#### Task prompt:
Your task is to copy the lines of the data below from the line holding "object name: popular print" through the line holding "inscriptions: collector's mark: Lugt 2760", inclusive, exactly and with nothing added.

(Supplied material begins)

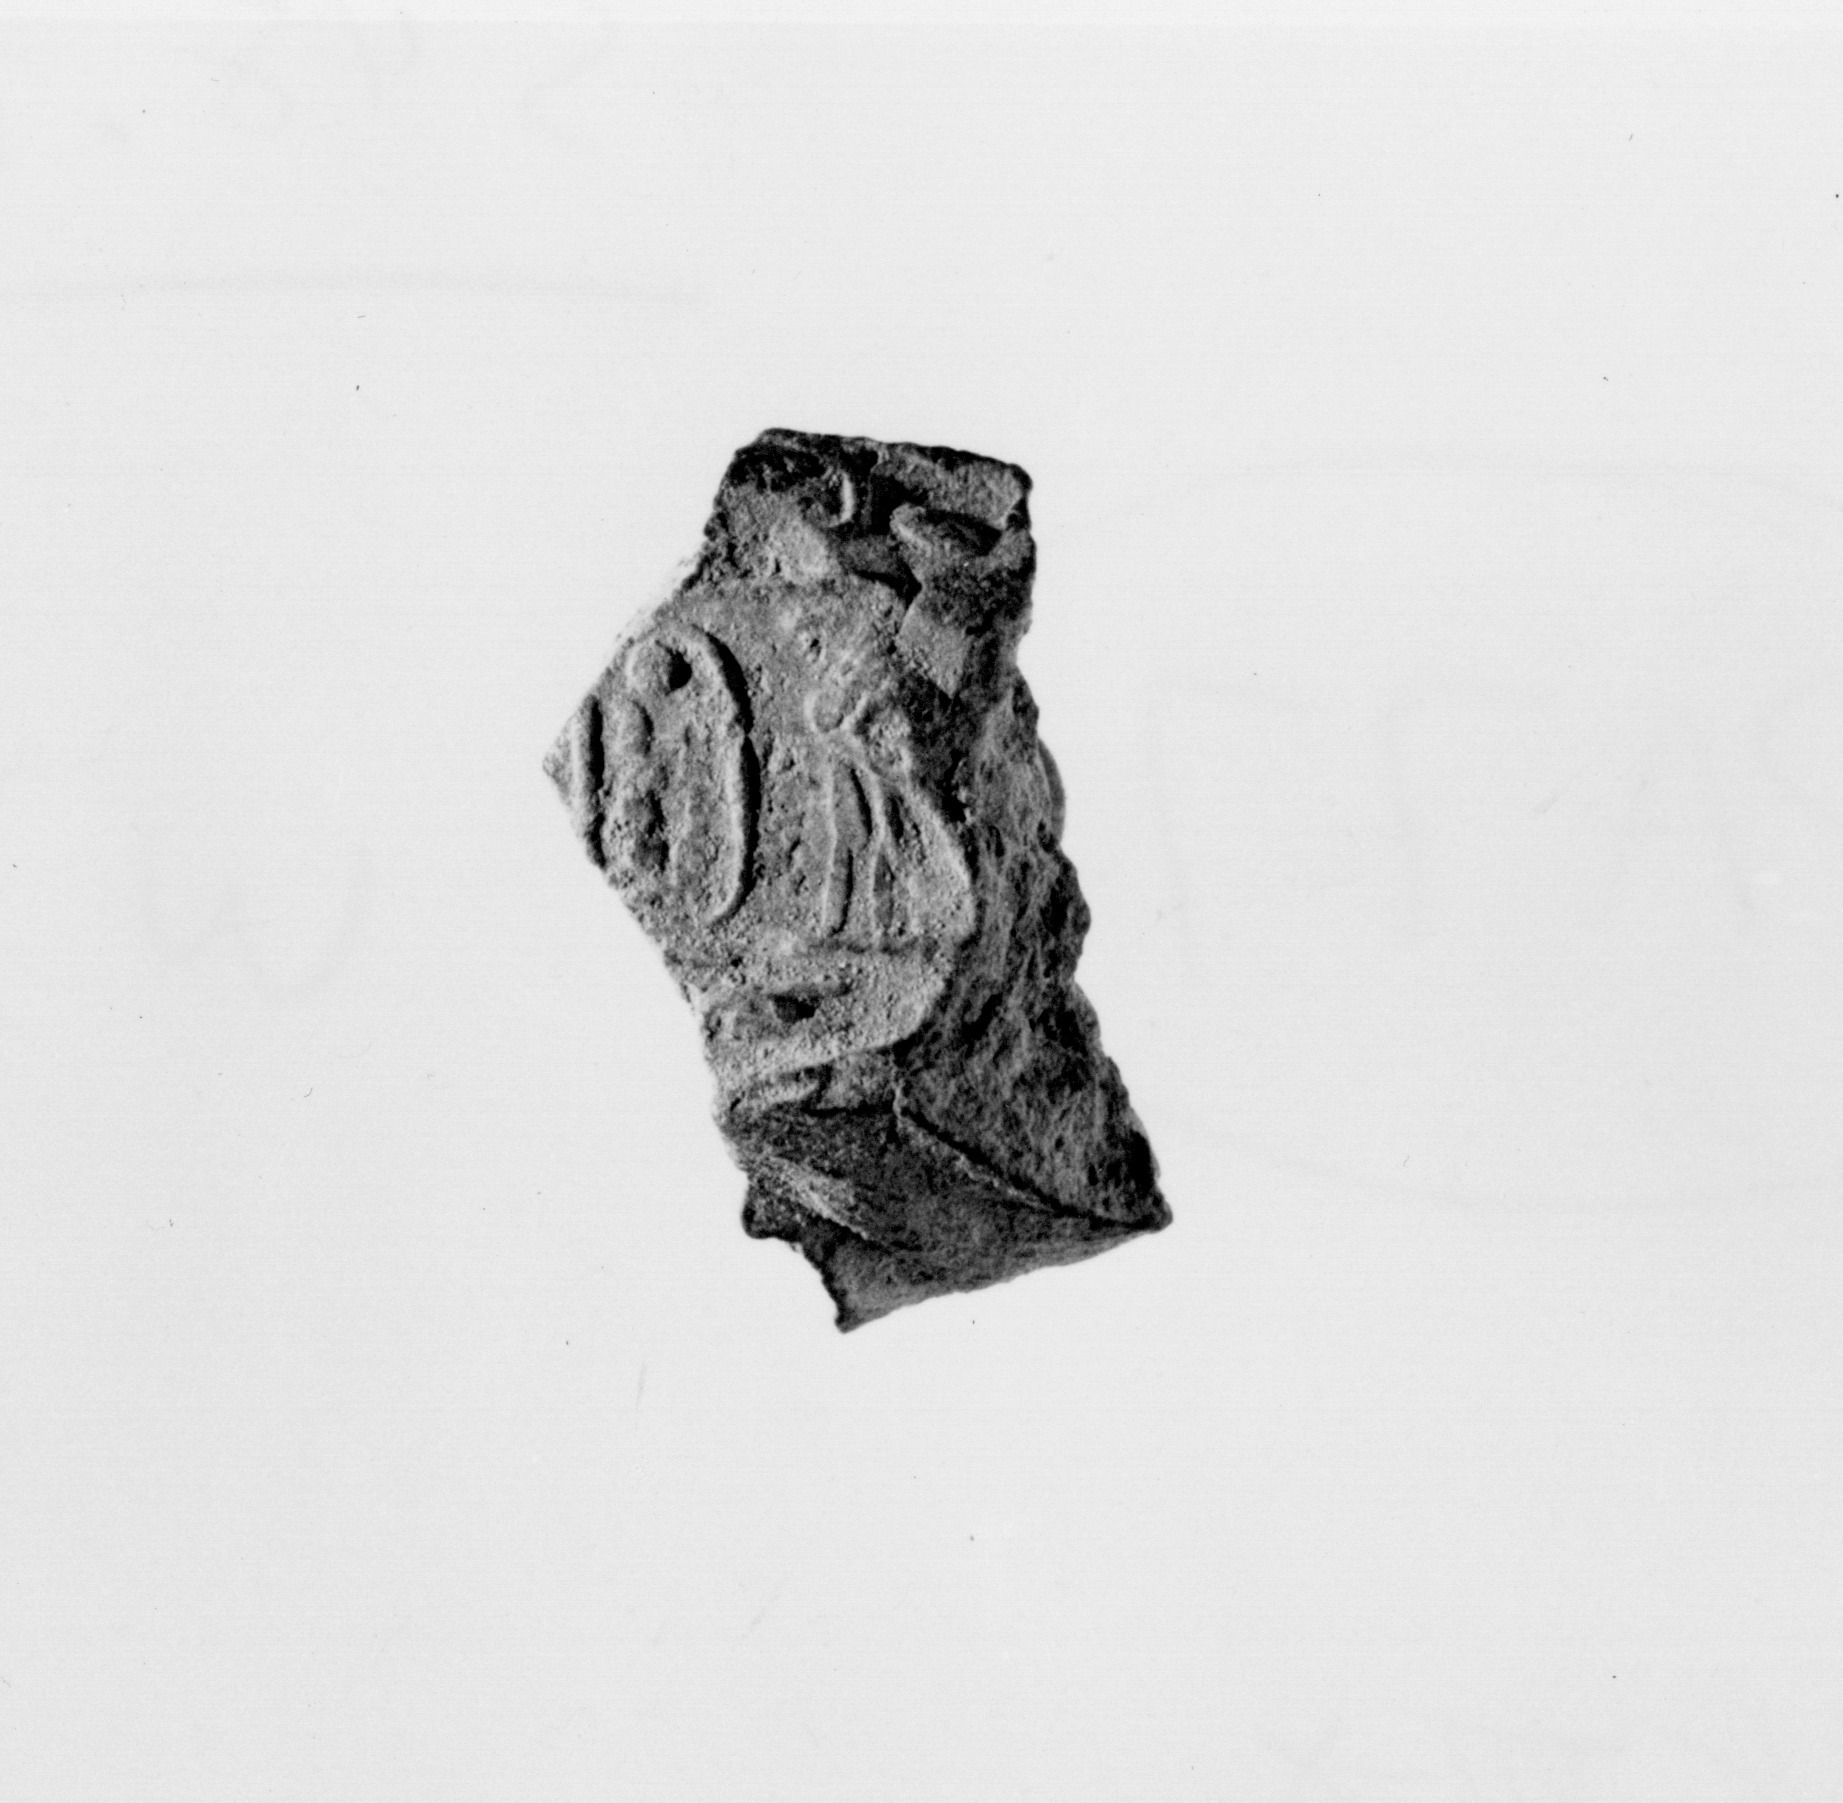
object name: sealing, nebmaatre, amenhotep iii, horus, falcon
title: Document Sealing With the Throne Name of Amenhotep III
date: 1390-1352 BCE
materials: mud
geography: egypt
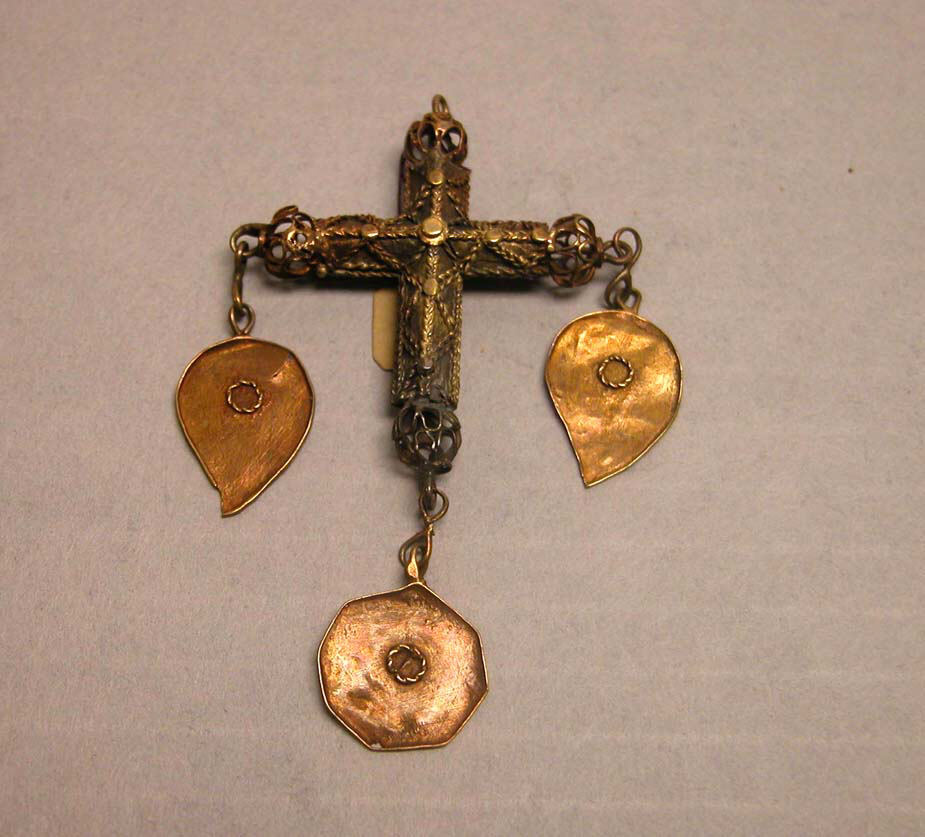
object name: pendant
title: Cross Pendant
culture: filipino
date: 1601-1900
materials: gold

(Supplied material ends)
(Supplied material begins)

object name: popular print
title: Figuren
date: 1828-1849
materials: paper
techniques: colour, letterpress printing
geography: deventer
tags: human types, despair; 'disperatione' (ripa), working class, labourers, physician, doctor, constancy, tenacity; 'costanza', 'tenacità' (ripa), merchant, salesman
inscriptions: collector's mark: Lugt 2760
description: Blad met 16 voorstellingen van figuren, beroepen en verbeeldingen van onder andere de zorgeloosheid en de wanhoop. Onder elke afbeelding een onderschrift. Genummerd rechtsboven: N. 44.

(Supplied material ends)

#### Written solution:
object name: popular print
title: Figuren
date: 1828-1849
materials: paper
techniques: colour, letterpress printing
geography: deventer
tags: human types, despair; 'disperatione' (ripa), working class, labourers, physician, doctor, constancy, tenacity; 'costanza', 'tenacità' (ripa), merchant, salesman
inscriptions: collector's mark: Lugt 2760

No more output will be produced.